Among the entries below, only the lines starting at the one with "- window <box>0,233,298,697</box>" and ending at the one with "- window <box>313,392,570,601</box>", both included, are to be printed exactly.

AVAILABLE RECORDS:
▽

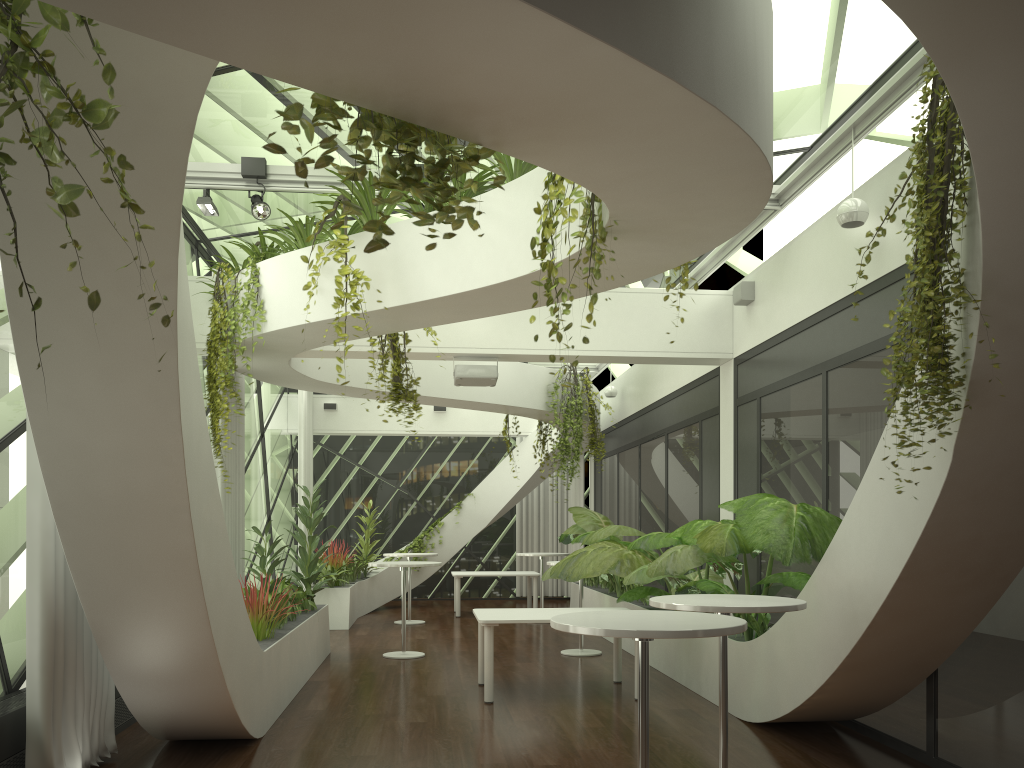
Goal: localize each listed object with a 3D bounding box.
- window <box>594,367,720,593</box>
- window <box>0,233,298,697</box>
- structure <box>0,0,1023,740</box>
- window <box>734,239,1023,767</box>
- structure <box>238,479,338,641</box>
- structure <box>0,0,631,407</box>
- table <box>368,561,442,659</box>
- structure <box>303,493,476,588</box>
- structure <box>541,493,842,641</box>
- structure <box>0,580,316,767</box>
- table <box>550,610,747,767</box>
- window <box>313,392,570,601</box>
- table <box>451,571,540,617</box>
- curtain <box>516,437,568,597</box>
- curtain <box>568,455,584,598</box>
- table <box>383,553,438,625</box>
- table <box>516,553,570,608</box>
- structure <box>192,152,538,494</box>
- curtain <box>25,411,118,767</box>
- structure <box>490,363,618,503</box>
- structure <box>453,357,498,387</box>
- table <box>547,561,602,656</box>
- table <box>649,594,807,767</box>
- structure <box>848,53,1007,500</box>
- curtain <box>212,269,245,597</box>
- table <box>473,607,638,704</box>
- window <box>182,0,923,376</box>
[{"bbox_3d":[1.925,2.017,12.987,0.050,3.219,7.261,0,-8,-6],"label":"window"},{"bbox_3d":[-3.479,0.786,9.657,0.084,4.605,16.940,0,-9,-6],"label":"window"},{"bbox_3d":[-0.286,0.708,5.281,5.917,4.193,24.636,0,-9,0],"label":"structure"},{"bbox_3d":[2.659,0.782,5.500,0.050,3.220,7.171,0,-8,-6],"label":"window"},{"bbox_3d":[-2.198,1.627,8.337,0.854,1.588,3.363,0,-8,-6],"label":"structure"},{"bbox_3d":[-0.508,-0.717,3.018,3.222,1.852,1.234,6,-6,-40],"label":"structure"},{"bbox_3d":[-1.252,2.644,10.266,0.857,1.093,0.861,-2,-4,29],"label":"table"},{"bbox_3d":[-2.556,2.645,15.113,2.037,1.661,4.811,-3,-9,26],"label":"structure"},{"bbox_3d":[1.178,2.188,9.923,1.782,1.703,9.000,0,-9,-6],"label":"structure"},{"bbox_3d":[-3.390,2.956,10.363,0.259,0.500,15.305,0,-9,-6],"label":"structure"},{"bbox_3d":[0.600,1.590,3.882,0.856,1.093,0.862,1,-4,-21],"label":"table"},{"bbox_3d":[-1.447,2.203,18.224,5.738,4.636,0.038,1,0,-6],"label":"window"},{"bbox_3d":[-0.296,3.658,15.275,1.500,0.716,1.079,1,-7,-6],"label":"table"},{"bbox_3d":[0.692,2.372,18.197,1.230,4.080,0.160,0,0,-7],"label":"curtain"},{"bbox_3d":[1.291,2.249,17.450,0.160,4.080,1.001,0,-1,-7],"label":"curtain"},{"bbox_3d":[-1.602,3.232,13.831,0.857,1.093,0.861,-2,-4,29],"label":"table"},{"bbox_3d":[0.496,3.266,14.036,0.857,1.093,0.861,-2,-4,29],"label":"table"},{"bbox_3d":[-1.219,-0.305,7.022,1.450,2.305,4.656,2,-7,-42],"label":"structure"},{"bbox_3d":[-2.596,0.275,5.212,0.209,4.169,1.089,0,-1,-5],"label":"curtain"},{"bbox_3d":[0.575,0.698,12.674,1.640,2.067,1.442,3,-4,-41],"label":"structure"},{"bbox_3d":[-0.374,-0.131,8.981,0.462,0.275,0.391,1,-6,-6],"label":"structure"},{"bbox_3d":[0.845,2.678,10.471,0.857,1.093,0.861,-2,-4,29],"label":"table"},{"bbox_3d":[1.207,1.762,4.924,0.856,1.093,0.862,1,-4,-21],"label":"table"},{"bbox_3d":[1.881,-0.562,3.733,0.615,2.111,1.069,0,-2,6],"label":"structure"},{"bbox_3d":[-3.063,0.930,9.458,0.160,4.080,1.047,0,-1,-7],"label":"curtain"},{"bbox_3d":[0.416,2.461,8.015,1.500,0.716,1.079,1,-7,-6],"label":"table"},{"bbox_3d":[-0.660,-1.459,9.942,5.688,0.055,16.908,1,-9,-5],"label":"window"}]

△

TASK ANSWER:
- window <box>0,233,298,697</box>
- structure <box>0,0,1023,740</box>
- window <box>734,239,1023,767</box>
- structure <box>238,479,338,641</box>
- structure <box>0,0,631,407</box>
- table <box>368,561,442,659</box>
- structure <box>303,493,476,588</box>
- structure <box>541,493,842,641</box>
- structure <box>0,580,316,767</box>
- table <box>550,610,747,767</box>
- window <box>313,392,570,601</box>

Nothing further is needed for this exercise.